- _YOUR ASSIGNMENT_: Each record below is to be copied word for word, with pictures removed.
***
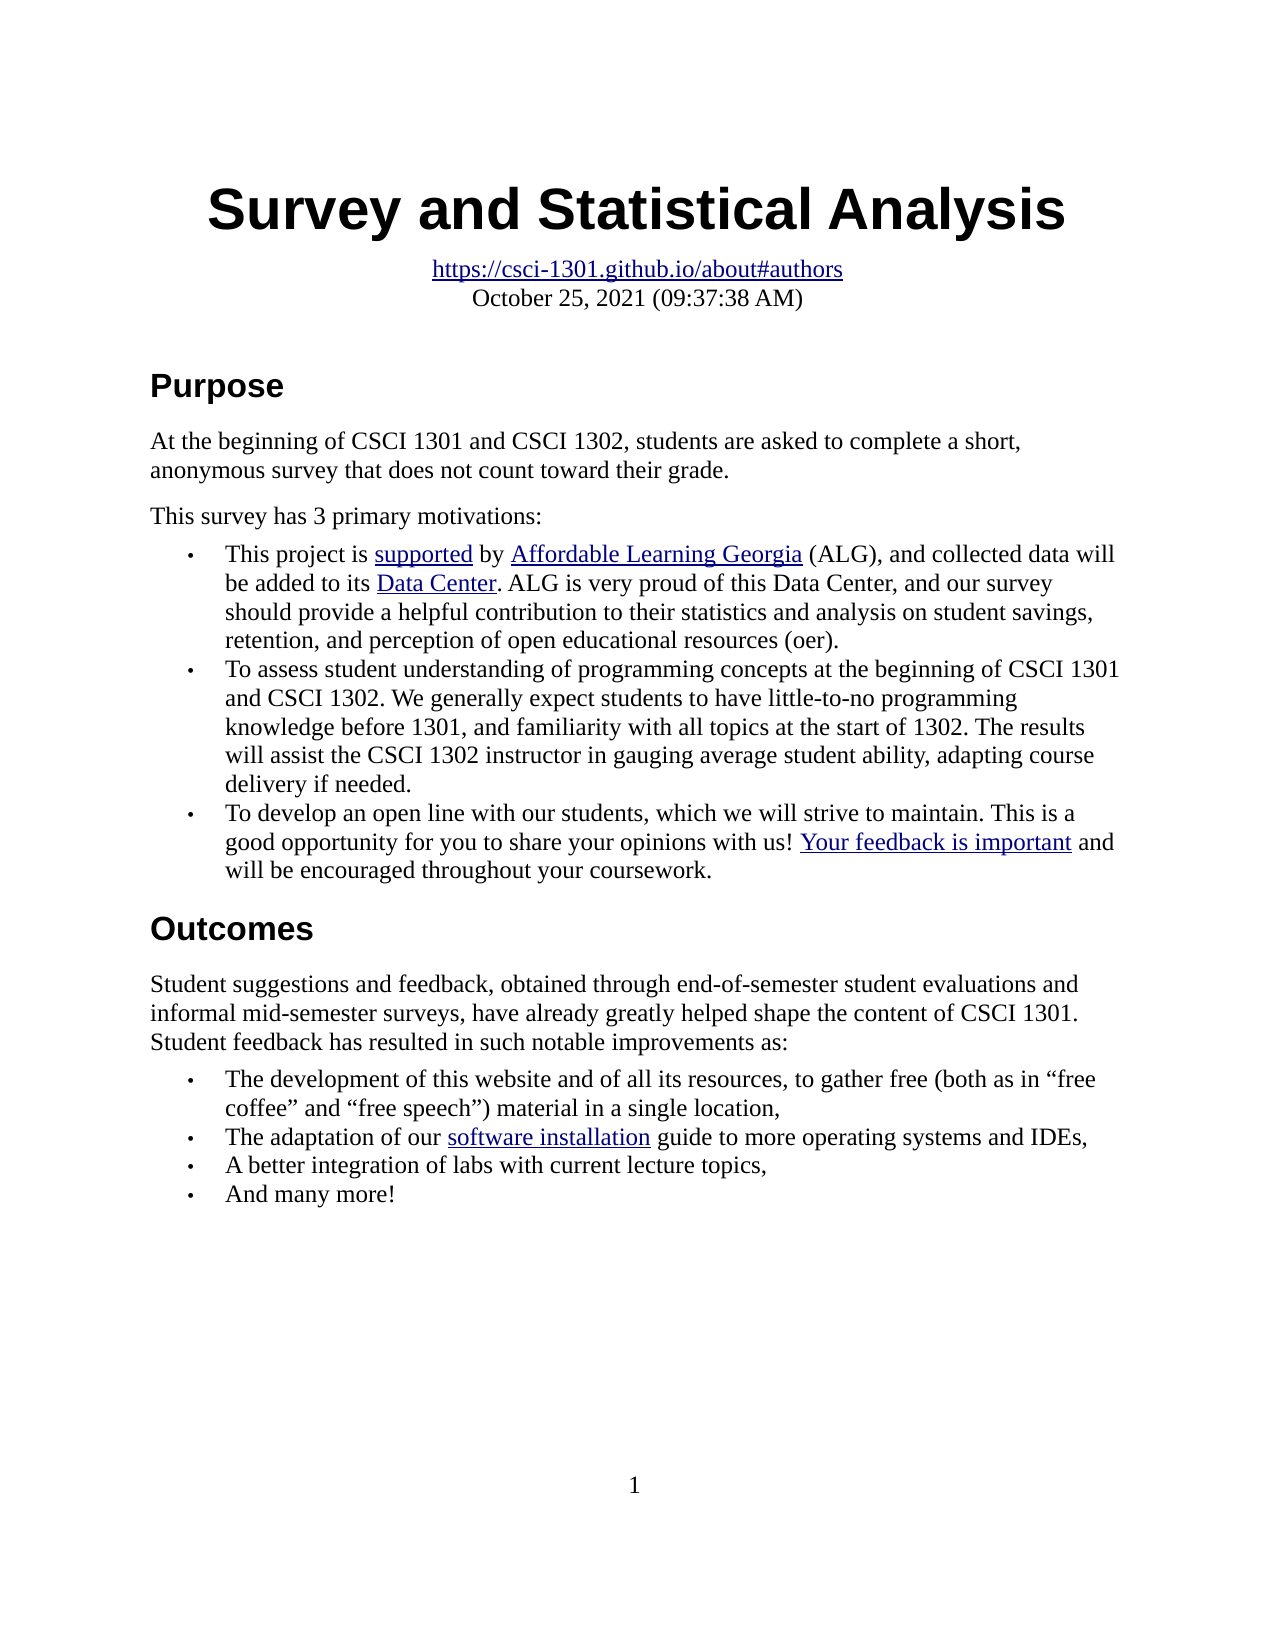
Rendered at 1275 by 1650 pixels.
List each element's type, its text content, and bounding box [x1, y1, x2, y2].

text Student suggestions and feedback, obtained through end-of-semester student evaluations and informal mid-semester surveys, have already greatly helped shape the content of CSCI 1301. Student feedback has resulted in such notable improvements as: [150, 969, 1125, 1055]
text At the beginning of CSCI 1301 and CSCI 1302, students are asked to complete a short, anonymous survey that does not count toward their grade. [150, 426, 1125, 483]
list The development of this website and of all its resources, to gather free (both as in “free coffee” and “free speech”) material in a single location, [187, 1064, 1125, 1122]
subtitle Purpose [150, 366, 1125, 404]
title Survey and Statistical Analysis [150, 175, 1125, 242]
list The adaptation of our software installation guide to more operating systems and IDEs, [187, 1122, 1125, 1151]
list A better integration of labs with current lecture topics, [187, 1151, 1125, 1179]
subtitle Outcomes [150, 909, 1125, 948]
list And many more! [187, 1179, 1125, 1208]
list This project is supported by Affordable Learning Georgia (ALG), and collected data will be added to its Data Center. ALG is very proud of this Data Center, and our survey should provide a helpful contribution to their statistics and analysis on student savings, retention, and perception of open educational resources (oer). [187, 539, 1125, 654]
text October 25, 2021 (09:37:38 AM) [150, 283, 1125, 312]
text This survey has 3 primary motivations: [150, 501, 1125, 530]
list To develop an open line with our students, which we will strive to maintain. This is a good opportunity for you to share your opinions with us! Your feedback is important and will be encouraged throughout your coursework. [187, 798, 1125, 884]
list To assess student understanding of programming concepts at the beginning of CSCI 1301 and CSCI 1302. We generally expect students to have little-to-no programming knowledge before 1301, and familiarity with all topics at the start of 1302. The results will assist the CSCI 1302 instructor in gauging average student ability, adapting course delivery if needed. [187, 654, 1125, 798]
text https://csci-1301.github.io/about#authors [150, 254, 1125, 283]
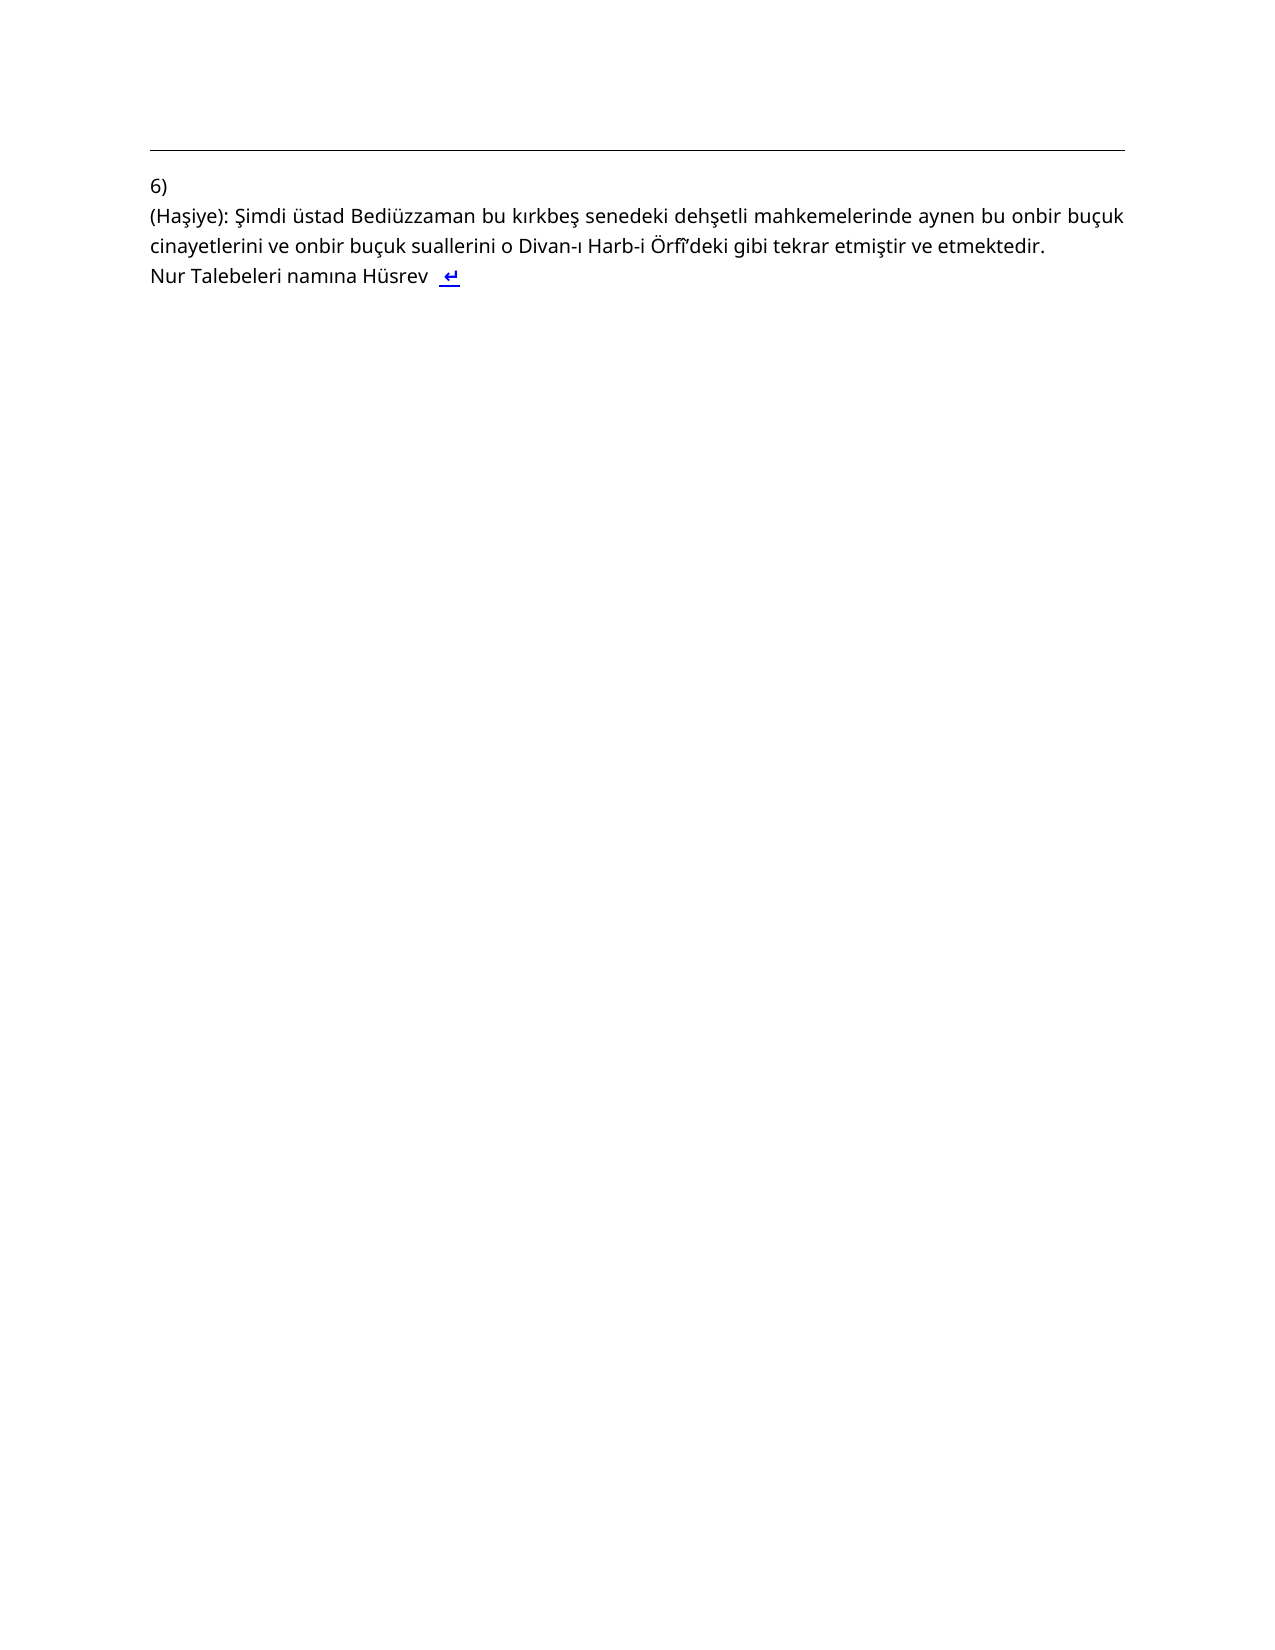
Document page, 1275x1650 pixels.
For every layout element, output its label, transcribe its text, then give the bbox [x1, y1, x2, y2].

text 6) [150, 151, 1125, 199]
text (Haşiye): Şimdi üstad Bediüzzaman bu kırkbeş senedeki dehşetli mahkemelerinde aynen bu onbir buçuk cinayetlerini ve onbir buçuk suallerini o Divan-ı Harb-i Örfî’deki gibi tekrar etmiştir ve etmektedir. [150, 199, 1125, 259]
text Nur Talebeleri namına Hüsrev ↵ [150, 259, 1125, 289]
***
- _ANSWER_:
Rendered at 1275 by 1650 pixels.
List each element's type, its text content, and bounding box [x1, y1, x2, y2].

text Student suggestions and feedback, obtained through end-of-semester student evaluations and informal mid-semester surveys, have already greatly helped shape the content of CSCI 1301. Student feedback has resulted in such notable improvements as: [150, 969, 1125, 1055]
text At the beginning of CSCI 1301 and CSCI 1302, students are asked to complete a short, anonymous survey that does not count toward their grade. [150, 426, 1125, 483]
list The development of this website and of all its resources, to gather free (both as in “free coffee” and “free speech”) material in a single location, [187, 1064, 1125, 1122]
subtitle Purpose [150, 366, 1125, 404]
title Survey and Statistical Analysis [150, 175, 1125, 242]
list The adaptation of our software installation guide to more operating systems and IDEs, [187, 1122, 1125, 1151]
list A better integration of labs with current lecture topics, [187, 1151, 1125, 1179]
subtitle Outcomes [150, 909, 1125, 948]
list And many more! [187, 1179, 1125, 1208]
list This project is supported by Affordable Learning Georgia (ALG), and collected data will be added to its Data Center. ALG is very proud of this Data Center, and our survey should provide a helpful contribution to their statistics and analysis on student savings, retention, and perception of open educational resources (oer). [187, 539, 1125, 654]
text October 25, 2021 (09:37:38 AM) [150, 283, 1125, 312]
text This survey has 3 primary motivations: [150, 501, 1125, 530]
list To develop an open line with our students, which we will strive to maintain. This is a good opportunity for you to share your opinions with us! Your feedback is important and will be encouraged throughout your coursework. [187, 798, 1125, 884]
list To assess student understanding of programming concepts at the beginning of CSCI 1301 and CSCI 1302. We generally expect students to have little-to-no programming knowledge before 1301, and familiarity with all topics at the start of 1302. The results will assist the CSCI 1302 instructor in gauging average student ability, adapting course delivery if needed. [187, 654, 1125, 798]
text https://csci-1301.github.io/about#authors [150, 254, 1125, 283]
Document page, 1275x1650 pixels.
For every layout element, output its label, transcribe its text, then give the bbox [x1, y1, x2, y2].

text 6) [150, 151, 1125, 199]
text (Haşiye): Şimdi üstad Bediüzzaman bu kırkbeş senedeki dehşetli mahkemelerinde aynen bu onbir buçuk cinayetlerini ve onbir buçuk suallerini o Divan-ı Harb-i Örfî’deki gibi tekrar etmiştir ve etmektedir. [150, 199, 1125, 259]
text Nur Talebeleri namına Hüsrev ↵ [150, 259, 1125, 289]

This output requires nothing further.